Hawkshaw we don't want no dam' spies in our house. We're square guys,

and we can't stomach 'em."



That evening Black Jack called upon the handy-man to help with the

clean-up, and put him to tend the water while he and Denny, under the

watchful eye of the owner's representative, lifted the riffles, worked

down the concentrates, and removed them from the boxes.

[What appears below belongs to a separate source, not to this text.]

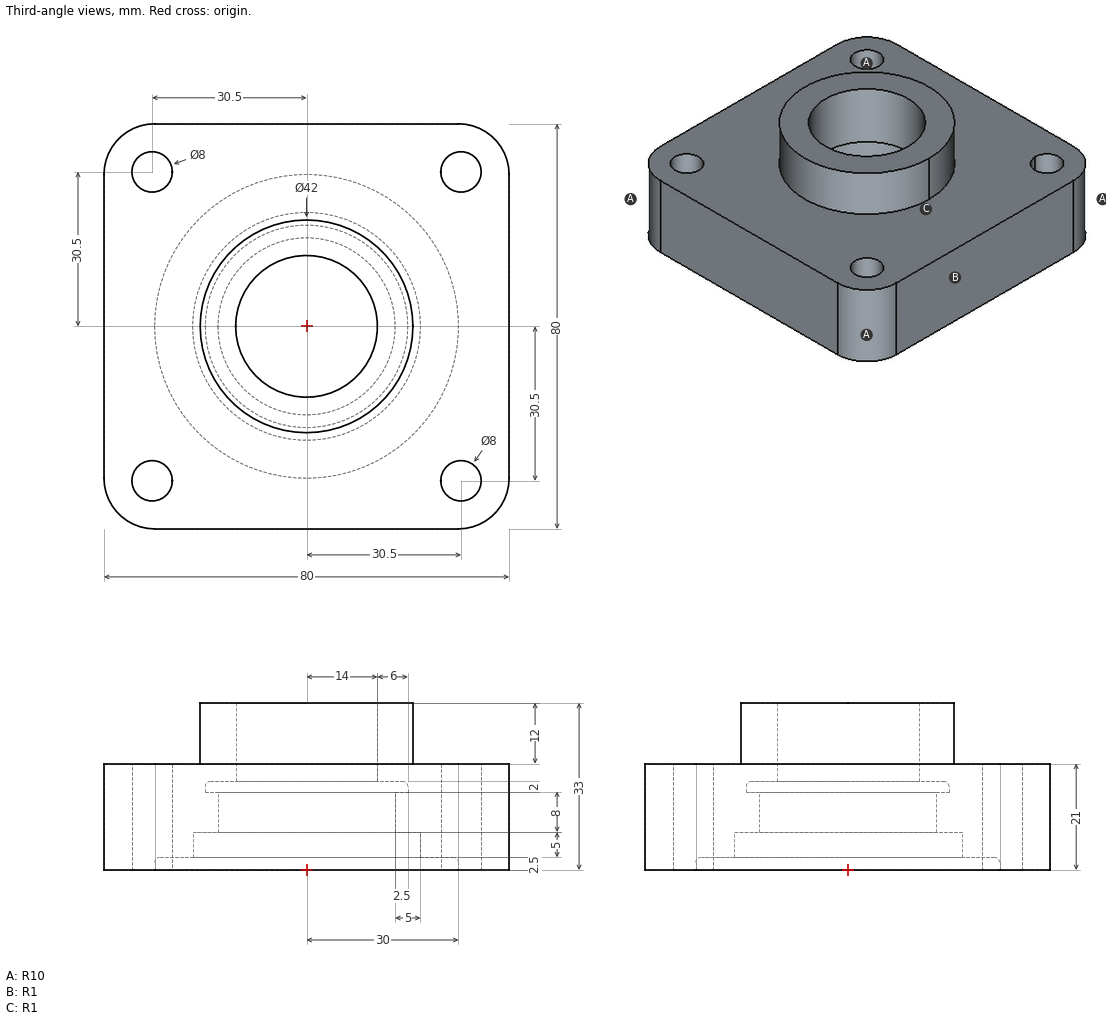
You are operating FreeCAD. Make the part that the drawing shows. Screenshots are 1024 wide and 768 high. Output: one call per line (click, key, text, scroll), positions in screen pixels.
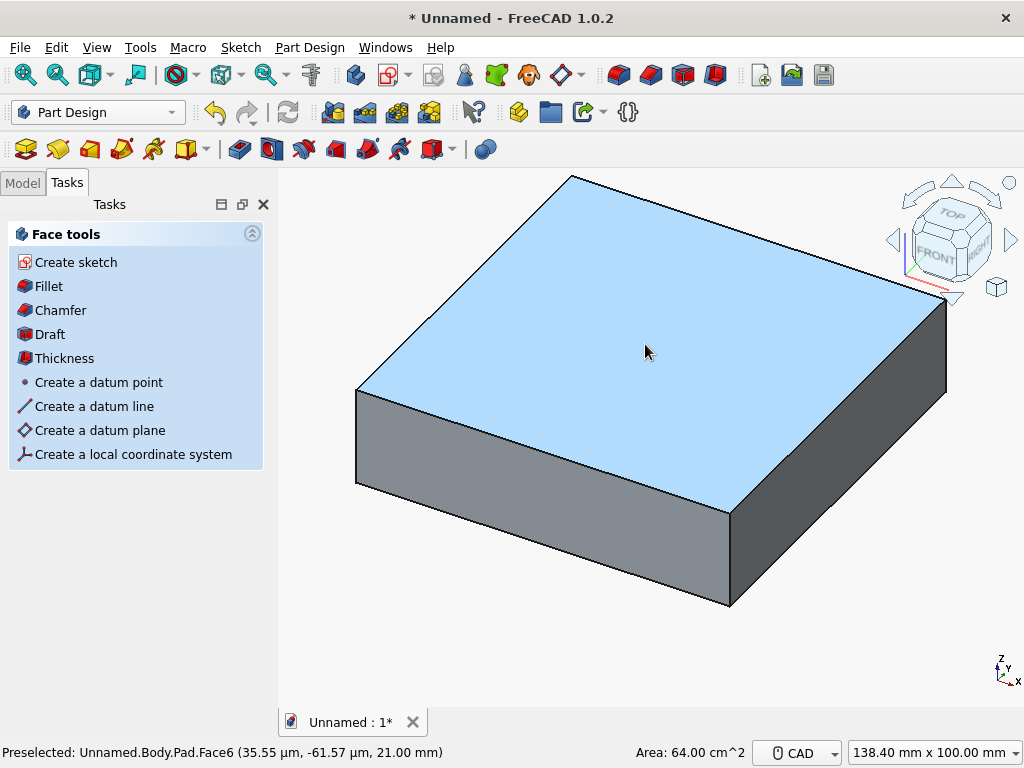
click(388, 76)

Bill was an experienced placer miner, so it was not many days before

he was asked to help in the actual cleaning of the sluices. He was

glad of the promotion, for, as he told himself, no man can squeeze a

lemon without getting juice on his fingers. It will be seen, alas!

that Mr. Hyde's moral sense remained blunted in spite of the refining

influence of his association with Doctor Thomas. But Aurora dust

was fine, and the handy-man's profits were scarcely worth the risks

involved in taking them.



One morning while Bill was cleaning up the superintendent's cabin

he noticed a tiny yellow flake of gold upon the floor in front of

Slevin's bed. Careful examination showed him several "colors" of the

same sort, so he swept the boards carefully and took up the dust in

a "blower." He breathed upon the pile, blowing the lighter particles

away. A considerable residue of heavy yellow grains remained. With

a grin Bill folded them in a cigarette paper and placed them in his

pocket. But it puzzled him to explain how there came to be gold on the

cabin floor. His surprise deepened when, a few days later, he found

another "prospect" in the same place. His two sweepings had yielded

perhaps a pennyweight of the precious metal--enough to set him to

thinking. It seemed queer that in the neighborhood of Black Jack's

bunk he could find no pay whatever.



Slevin had left his hip boots in the cabin, and as Laughing Bill

turned down their tops and set them out in the wind to dry his sharp

eye detected several yellow pin-points of color which proved, upon

closer investigation, to be specks of gold clinging to the wet lining.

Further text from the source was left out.